Parsing all of lisp-syntax.lisp (around 1000 lines) takes around 2
seconds on my machine, but this is only done when the file is
initially loaded, or when edits to the buffer are made that makes the
contents parse entirely differently from last time, such as when a
closing parenthesis is introduced at the beginning of the buffer. In
almost all cases, the incremental LR parser is able to patch the
existing parse tree. As an example, typing a function definition at
the beginning of a buffer containing lisp-syntax. lisp requires less
than 10ms per keystroke to update the entire parse tree.
Current feature of the "Lisp" syntax module include C-M-b and C-M-f
(backward and forward expression), C-M-x (eval defun), and of course
syntax highlighting of strings, keywords, and comments.

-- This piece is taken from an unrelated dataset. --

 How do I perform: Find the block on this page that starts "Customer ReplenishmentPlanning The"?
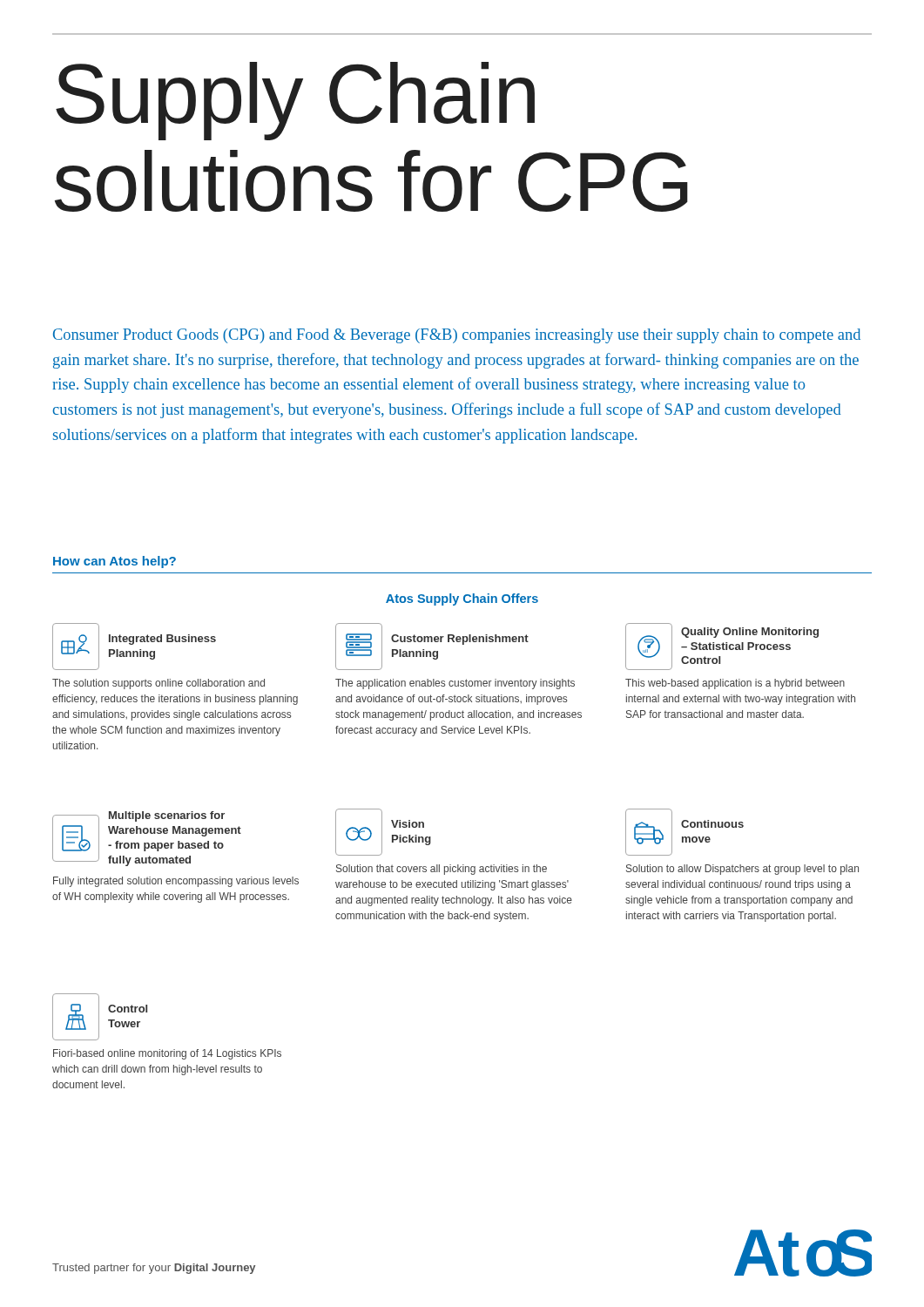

One interesting feature of the LR parser that I implemented is that
the lexer is a generic function that depends on the state of the
parser. This method is slower than the one used for the Earley
parser, but we could afford this since the parser is incremental. The
consequences of this lexer organization is that the parser could enter
a state in which a totally different language, with different lexemes,
is to be parsed. This feature opens the door to modular parsers
allowing us to parse a string of PHP code inside an HTML buffer, or to
check the grammar of strings and comments of a program.
Plans are to factor out code that could be common for more LR-based
syntax modules, either into syntax.lisp or to a new file, but probably
the former since there are definitions like that of a parse tree that
look very similar in the Earley parser and in the LR parser. I also
haven't given up on trying to make the Earley parser truly incremental
in the same way that the LR parser now is.
Plans also include writing a new LALR parser generator, simply because
the one in Climacs uses generic functions instead of tables for the
traditional `action' and `goto' (called `new-state' in Climacs)
functions of LR parsing. The new parser generator would have to
discover inheritance relations between parser states. Once such a
generator exists, I might rewrite the HTML syntax module to take
advantage of it.
For a detailed list of updates, I refer you to the CVS archives.
Take care,
--
Robert Strandh
---------------------------------------------------------------------
Greenspun's Tenth Rule of Programming: any sufficiently complicated C
or Fortran program contains an ad hoc informally-specified bug-ridden
slow implementation of half of Common Lisp.
---------------------------------------------------------------------